Functions DEDUPE - trillium_discovery - trillium_quality - Latest

Trillium Control Center

Product type
Software
Portfolio
Verify
Product family
Trillium
Product
Trillium > Trillium Discovery
Version
Latest
Language
English
Product name
Trillium Quality and Discovery
Title
Trillium Control Center
Copyright
2024
First publish date
2008
Last updated
2024-10-18
Published on
2024-10-18T15:02:04.502478

Separates the value in an attribute into tokens and returns the deduped and delimited list of tokens. It performs the deduplication on the attribute value by searching the maximum number of tokens per phrase first, and repeats the search after decrementing the number of tokens per phrase by 1 each time.

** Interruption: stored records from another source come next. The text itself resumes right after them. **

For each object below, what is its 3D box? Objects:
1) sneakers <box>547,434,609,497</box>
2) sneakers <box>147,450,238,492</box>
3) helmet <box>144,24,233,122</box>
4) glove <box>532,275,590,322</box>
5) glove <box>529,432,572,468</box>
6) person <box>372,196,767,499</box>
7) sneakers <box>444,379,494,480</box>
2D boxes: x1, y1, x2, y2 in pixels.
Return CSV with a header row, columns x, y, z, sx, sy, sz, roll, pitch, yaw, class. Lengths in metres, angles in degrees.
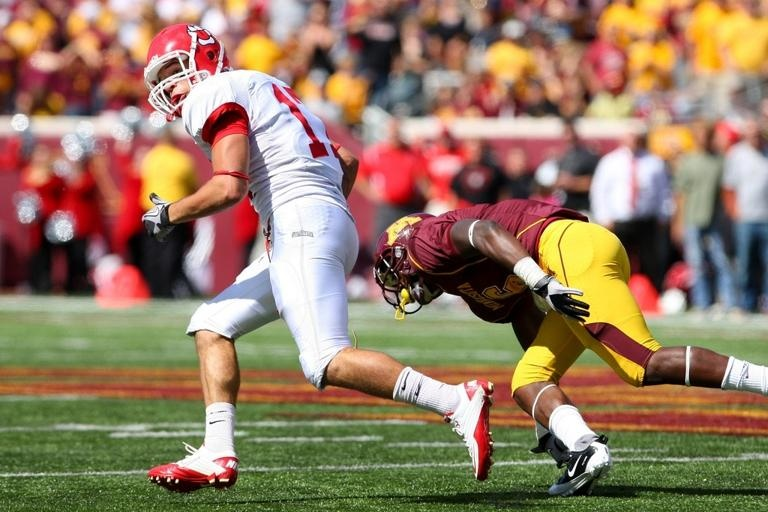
x,y,z,sx,sy,sz,roll,pitch,yaw,class
0.929,0.985,4.860,0.293,0.297,0.140,1,4,21,sneakers
-0.863,1.017,4.904,0.466,0.169,0.218,2,44,-1,sneakers
-0.997,-0.943,5.362,0.478,0.442,0.375,-27,-8,-15,helmet
0.803,0.189,4.690,0.265,0.152,0.108,37,-2,15,glove
0.818,0.975,5.134,0.190,0.139,0.101,46,35,17,glove
0.761,0.466,5.285,2.144,1.454,1.076,-9,-25,16,person
0.400,0.829,4.826,0.217,0.503,0.210,0,4,3,sneakers

This process will continue until the number of tokens per phrase reaches the minimum specified.

Note:

You can use the DEDUPE function in the Transformer and the Set Selection utility.

General Guidelines

  • The search is case-sensitive. For example, "Car" and "car" are not duplicates. When the data is in mixed case, the DEDUPE function can be used with the UPPER or LOWER function.
  • Duplicate phrases cannot extend across previously removed phrase(s) within a given record.
  • Pay special attention to the logic for multi-token phrase processing outlined in Example 1. When a duplicate multi-token phrase is found, the original order of tokens in the attribute may not be maintained.

Guidelines for the Set Selection Utility

  • The numerical values will be returned based on currently calculated precision and string formatting.
  • Duplicate phrases cannot extend across boundaries of a given attribute for a given record within the set.
  • The maximum length of the returned string will be the length of the input attribute times the number of records in the set. For example, if the input attribute has a length of 30 and there are 4 records in the set each with a full 30 character of data and no duplicates are found, the concatenation of the 4 records will be 120 characters. If this returned string is written back to a receiving attribute with a length less than 120 characters, the returned data will be truncated to the length of the receiving attribute.